The video released by the group characterises the Baloch nationalists as anti-Islamic and condemns their secular, nationalistic, and pro-democracy credentials, and calls upon its supporters to join them in their fight against the ‘infidels’.

Although the video also declares that the ISKP is not a proxy instrument of the Pakistani state but its rhetoric against Baloch nationalists and civil society activism leads one to some uncomfortable inferences.

Besides the Taliban’s relentless allegations of Pakistan’s collusion with the ISKP, there have been multiple reports indicating how the establishment is benefiting – by either directly cultivating or enabling by deliberate neglect – the proliferation and consolidation of ISKP.

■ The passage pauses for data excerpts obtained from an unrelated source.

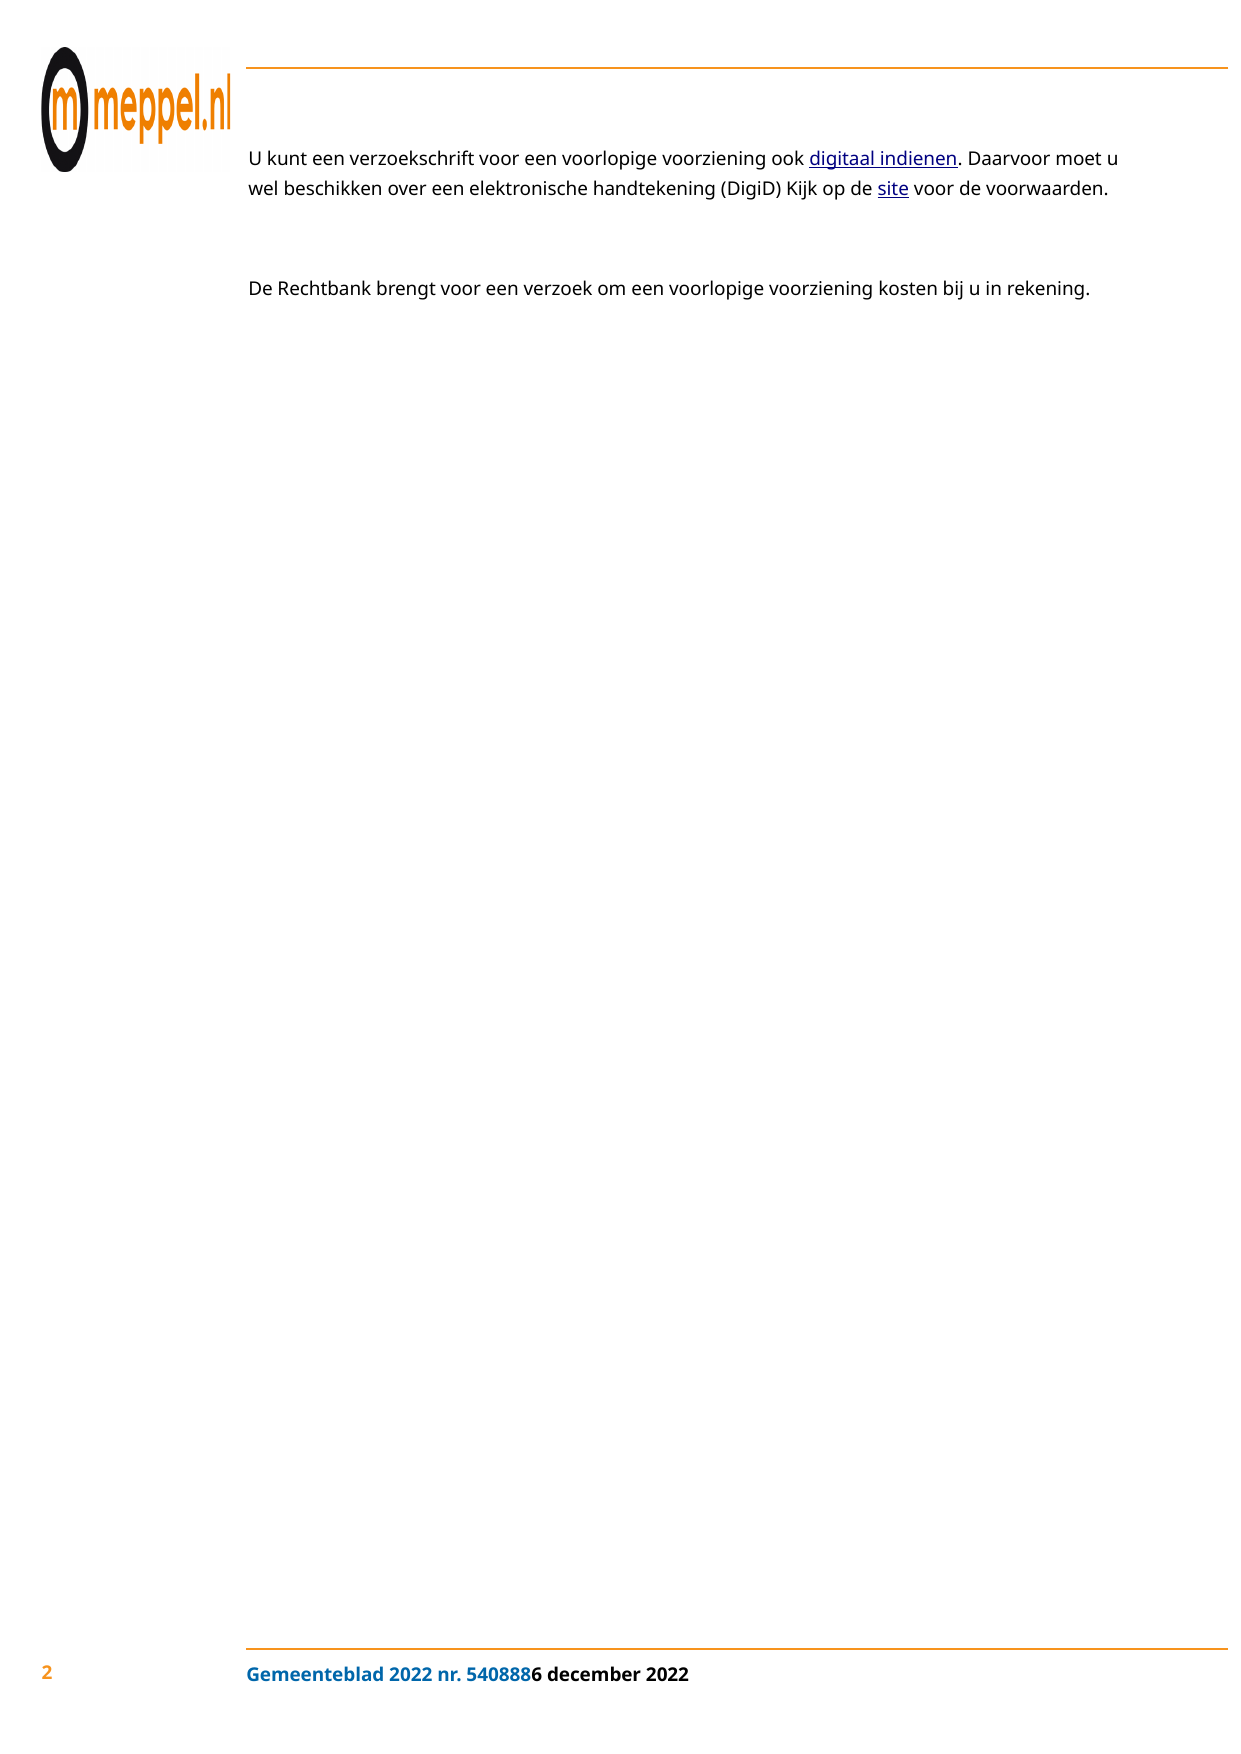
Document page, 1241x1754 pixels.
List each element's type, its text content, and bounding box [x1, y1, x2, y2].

text De Rechtbank brengt voor een verzoek om een voorlopige voorziening kosten bij u in rekening. [248, 276, 1152, 301]
text U kunt een verzoekschrift voor een voorlopige voorziening ook digitaal indienen. Daarvoor moet u wel beschikken over een elektronische handtekening (DigiD) Kijk op de site voor de voorwaarden. [248, 145, 1152, 201]
picture [41, 47, 231, 172]
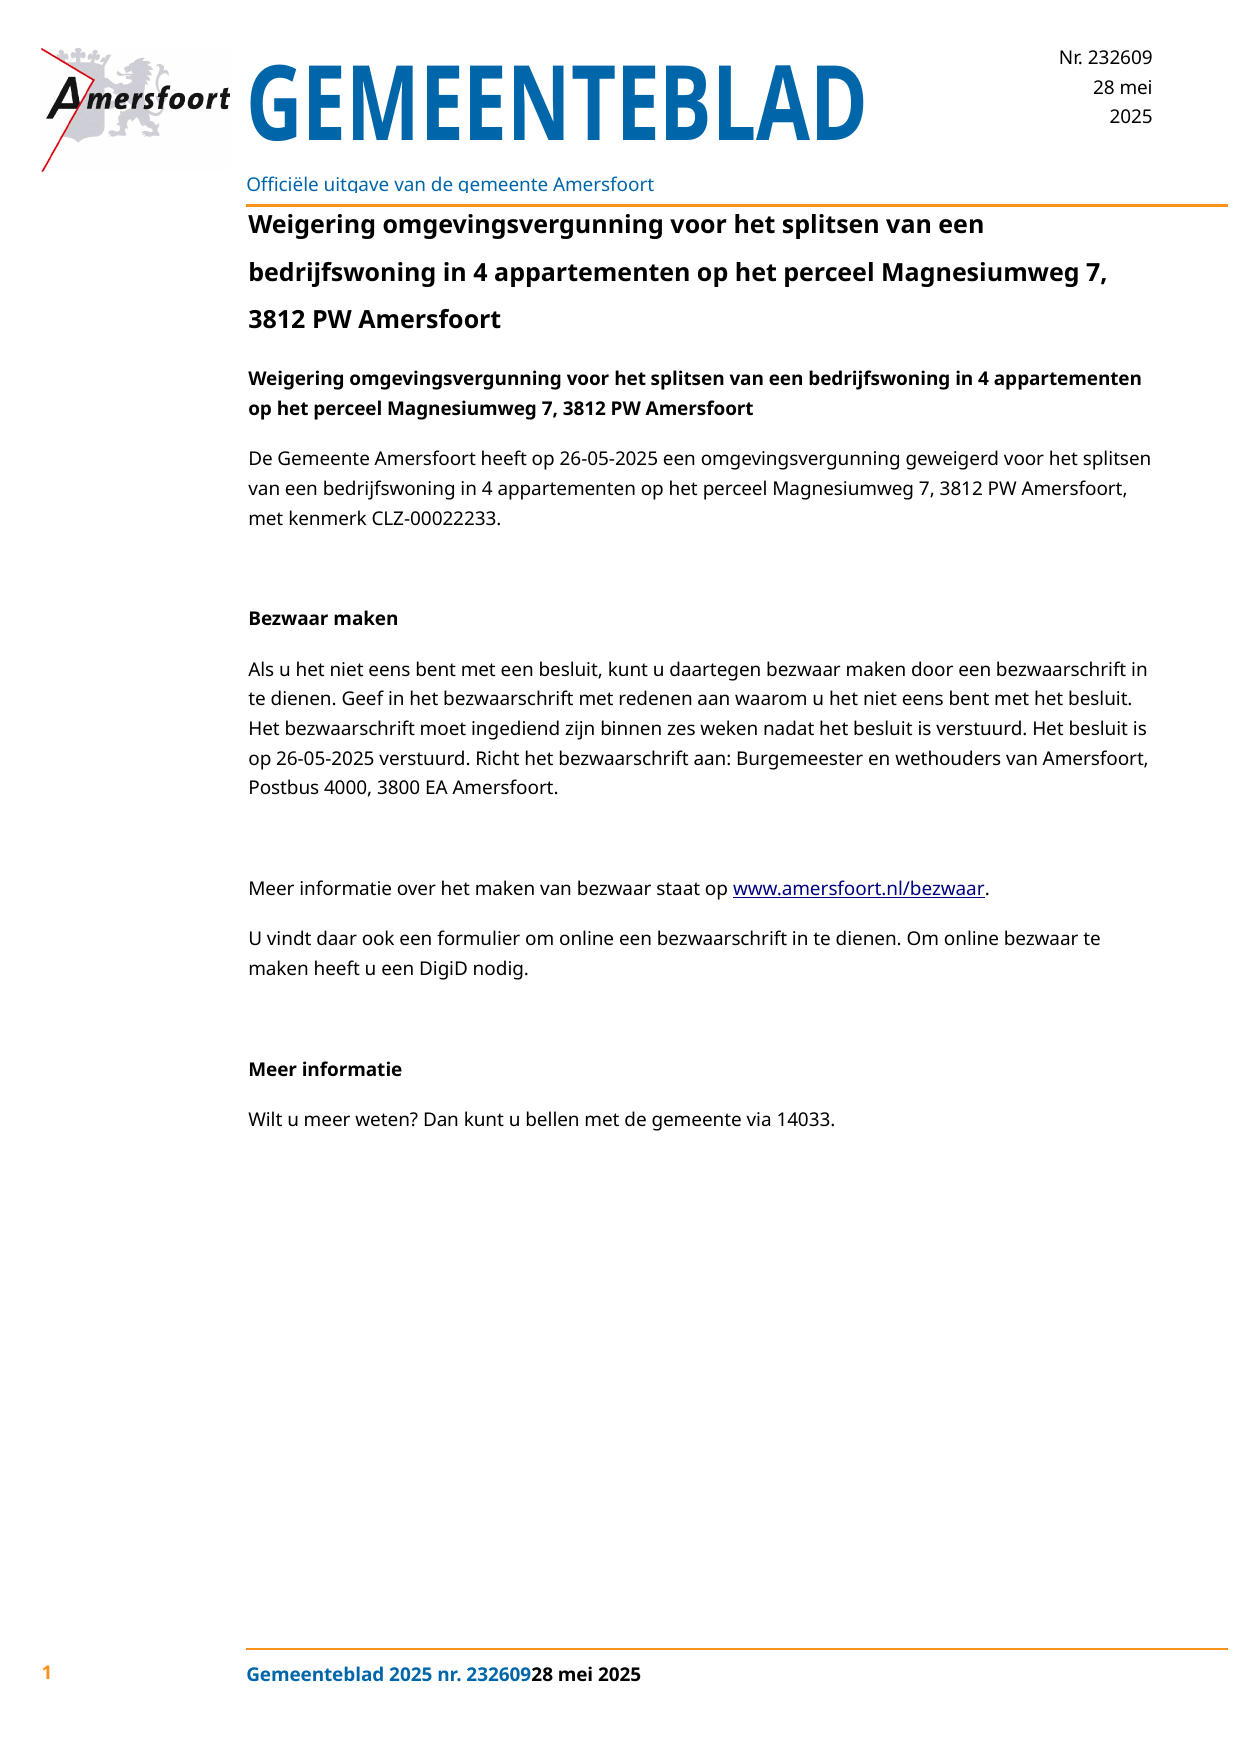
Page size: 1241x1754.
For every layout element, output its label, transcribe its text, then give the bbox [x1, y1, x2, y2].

text U vindt daar ook een formulier om online een bezwaarschrift in te dienen. Om online bezwaar te maken heeft u een DigiD nodig. [248, 926, 1152, 981]
picture [41, 47, 231, 172]
text Wilt u meer weten? Dan kunt u bellen met de gemeente via 14033. [248, 1106, 1152, 1132]
text Als u het niet eens bent met een besluit, kunt u daartegen bezwaar maken door een bezwaarschrift in te dienen. Geef in het bezwaarschrift met redenen aan waarom u het niet eens bent met het besluit. Het bezwaarschrift moet ingediend zijn binnen zes weken nadat het besluit is verstuurd. Het besluit is op 26-05-2025 verstuurd. Richt het bezwaarschrift aan: Burgemeester en wethouders van Amersfoort, Postbus 4000, 3800 EA Amersfoort. [248, 656, 1152, 800]
text Bezwaar maken [248, 606, 1152, 631]
text Weigering omgevingsvergunning voor het splitsen van een bedrijfswoning in 4 appartementen op het perceel Magnesiumweg 7, 3812 PW Amersfoort [248, 207, 1152, 336]
text Meer informatie over het maken van bezwaar staat op www.amersfoort.nl/bezwaar. [248, 875, 1152, 901]
text De Gemeente Amersfoort heeft op 26-05-2025 een omgevingsvergunning geweigerd voor het splitsen van een bedrijfswoning in 4 appartementen op het perceel Magnesiumweg 7, 3812 PW Amersfoort, met kenmerk CLZ-00022233. [248, 446, 1152, 530]
text Meer informatie [248, 1056, 1152, 1082]
text Weigering omgevingsvergunning voor het splitsen van een bedrijfswoning in 4 appartementen op het perceel Magnesiumweg 7, 3812 PW Amersfoort [248, 366, 1152, 421]
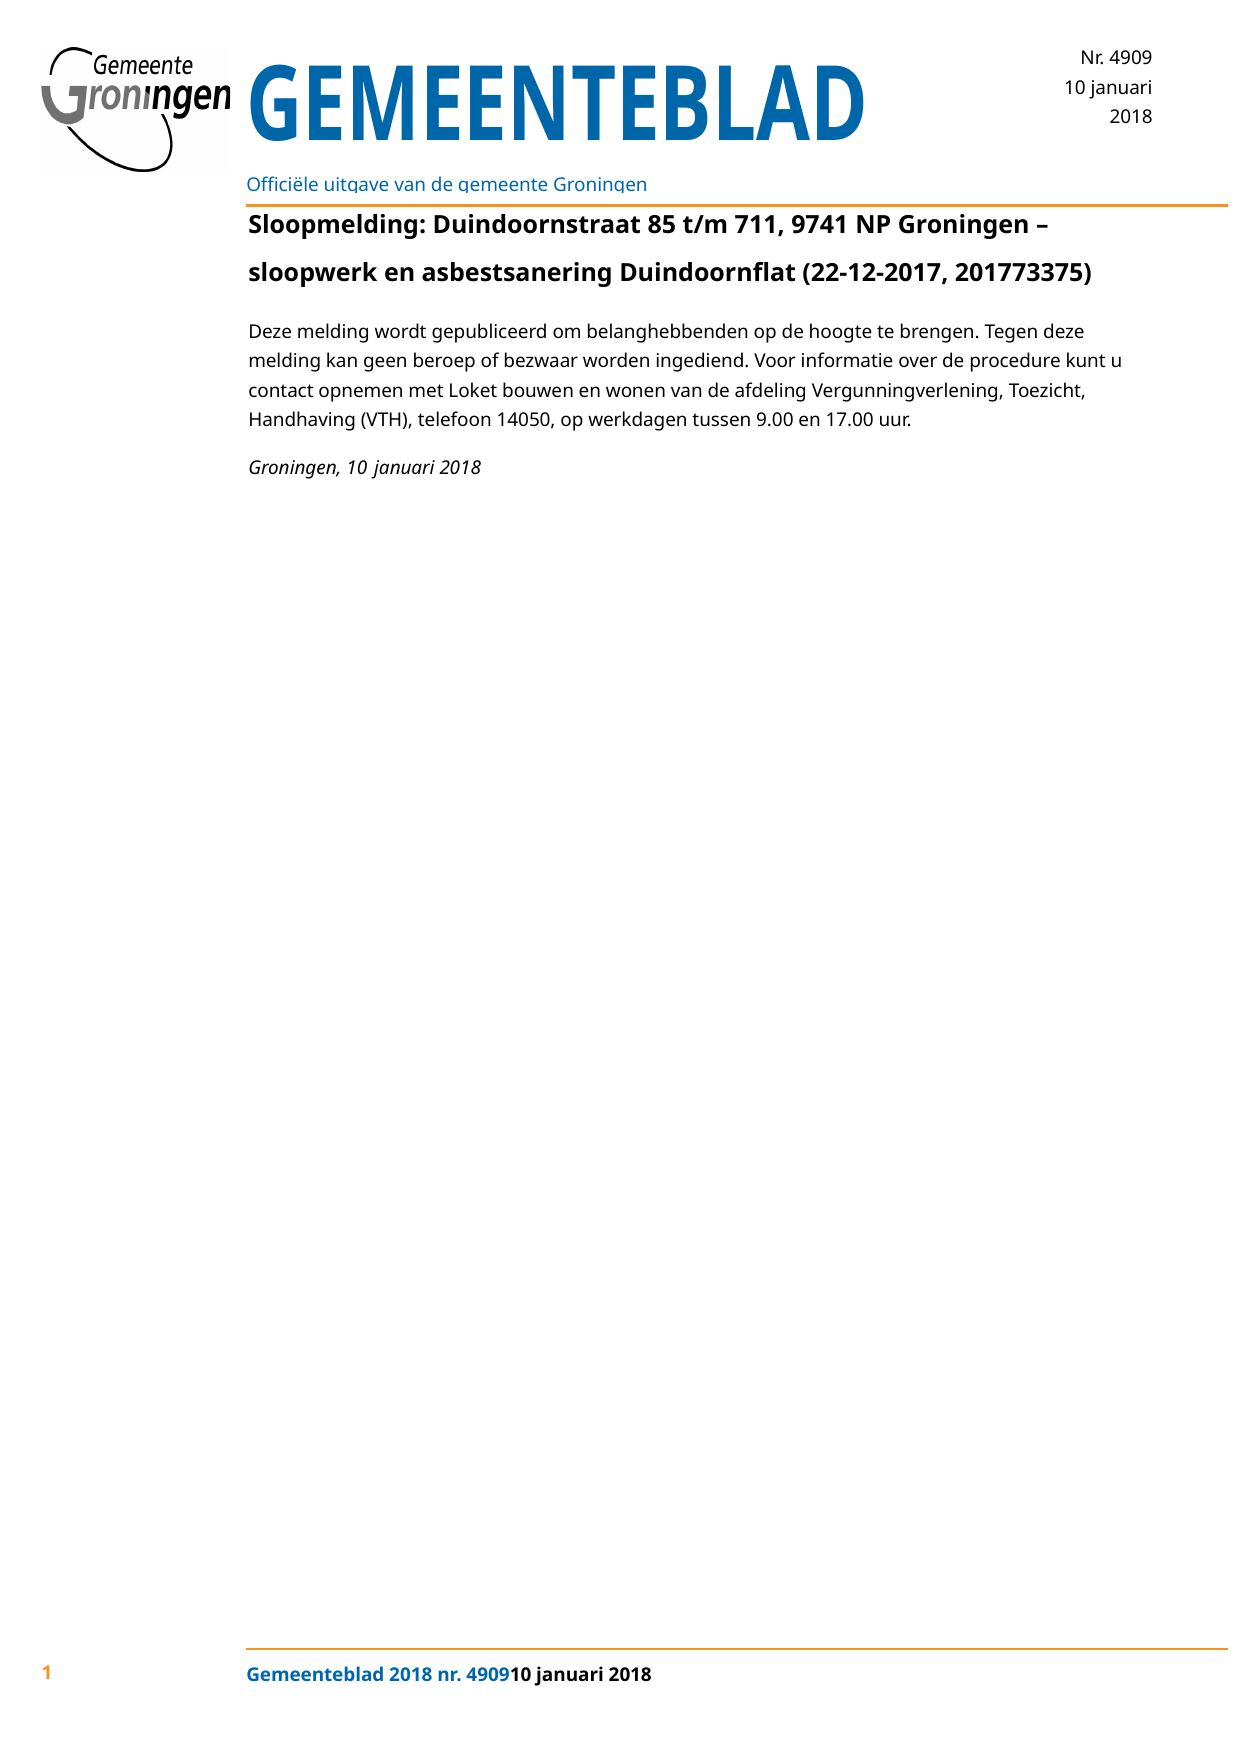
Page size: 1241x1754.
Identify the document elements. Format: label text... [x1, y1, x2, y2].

picture [41, 47, 231, 172]
text Sloopmelding: Duindoornstraat 85 t/m 711, 9741 NP Groningen – sloopwerk en asbestsanering Duindoornflat (22-12-2017, 201773375) [248, 207, 1152, 288]
text Deze melding wordt gepubliceerd om belanghebbenden op de hoogte te brengen. Tegen deze melding kan geen beroep of bezwaar worden ingediend. Voor informatie over de procedure kunt u contact opnemen met Loket bouwen en wonen van de afdeling Vergunningverlening, Toezicht, Handhaving (VTH), telefoon 14050, op werkdagen tussen 9.00 en 17.00 uur. [248, 318, 1152, 432]
text Groningen, 10 januari 2018 [248, 454, 1152, 480]

Dr. Naseem Baloch, the Chairperson of the Baloch National Movement, stated in a meeting at the UN Headquarters in March 2024, “the active camps of the international terrorist organization known as Daesh are operating in Balochistan under the direct supervision and support of the Pakistani army”.

There have been instances when ISKP operatives have surrendered to or been apprehended by the Afghan Taliban and have, upon investigation, revealed their links to the Pakistani army/ISI.

Ehsanullah Ehsan, former spokesperson and senior Tehreek-e-Taliban Pakistan (TTP) commander, in an interview with The Sunday Guardian in August this year, claimed that the Pakistani army had deployed Lashkar-e-Taiba, which he termed its ‘B-team’ and ‘most favoured proxy’, under the banner of ISKP to serve multiple strategic purposes, including the suppression of the Baloch resistance. It must be remembered here that LeT, along with other terrorist groups, is also known for its proxy operations in India’s Jammu and Kashmir, at the behest of Pakistan.

Considering Pakistan’s well-documented history of using terror as state policy – be it in Kashmir (the latest manifestation of which was the barbaric Pahalgam attack in April this year) or in Afghanistan for “strategic depth” – it is not surprising that it is employing the same tactic against its own people.

For decades, the state has brutalised the Baloch people and the Pashtuns in Khyber Pakhtunkhwa in the name of counter-terrorism and counter-insurgency.

Whoever has even slightly questioned the writ or empty narratives of the
Pakistani state has faced unspeakable persecution – reflected in the massive scale of deaths, displacement, enforced disappearances, and torture that Baloch and Pashtun communities have been subjected to as collective punishment.

On the other hand, domestic and international terror groups continue to flourish and instrumentalized to carry out operations in collusion with the state while also granting it plausible deniability.

At a time when the Baloch resistance is gaining renewed strength – with the BLA upping its operational and rhetorical sophistication and the civil resistance led by the Baloch Yakjehti Committee (BYC) attracting surging domestic and international support despite the incarceration of its leaders, including Dr Mahrang Baloch, the Pakistani state is evidently on the backfoot.

In such a context, it does not seem far-fetched to imagine that the establishment, after failing to quell the Baloch resistance even after years of brutal suppression, has resorted to outsourcing its actions to radical proxy groups to open a new front for the Baloch nationalists.

However, this has been Pakistan’s playbook for some decades, and it has repeatedly produced dark and uncontrollable consequences for the country itself.

Pakistan must take the lessons from history and begin the long-overdue process of meaningful engagement with the Baloch community as rightful stakeholders in the country’s body-politic.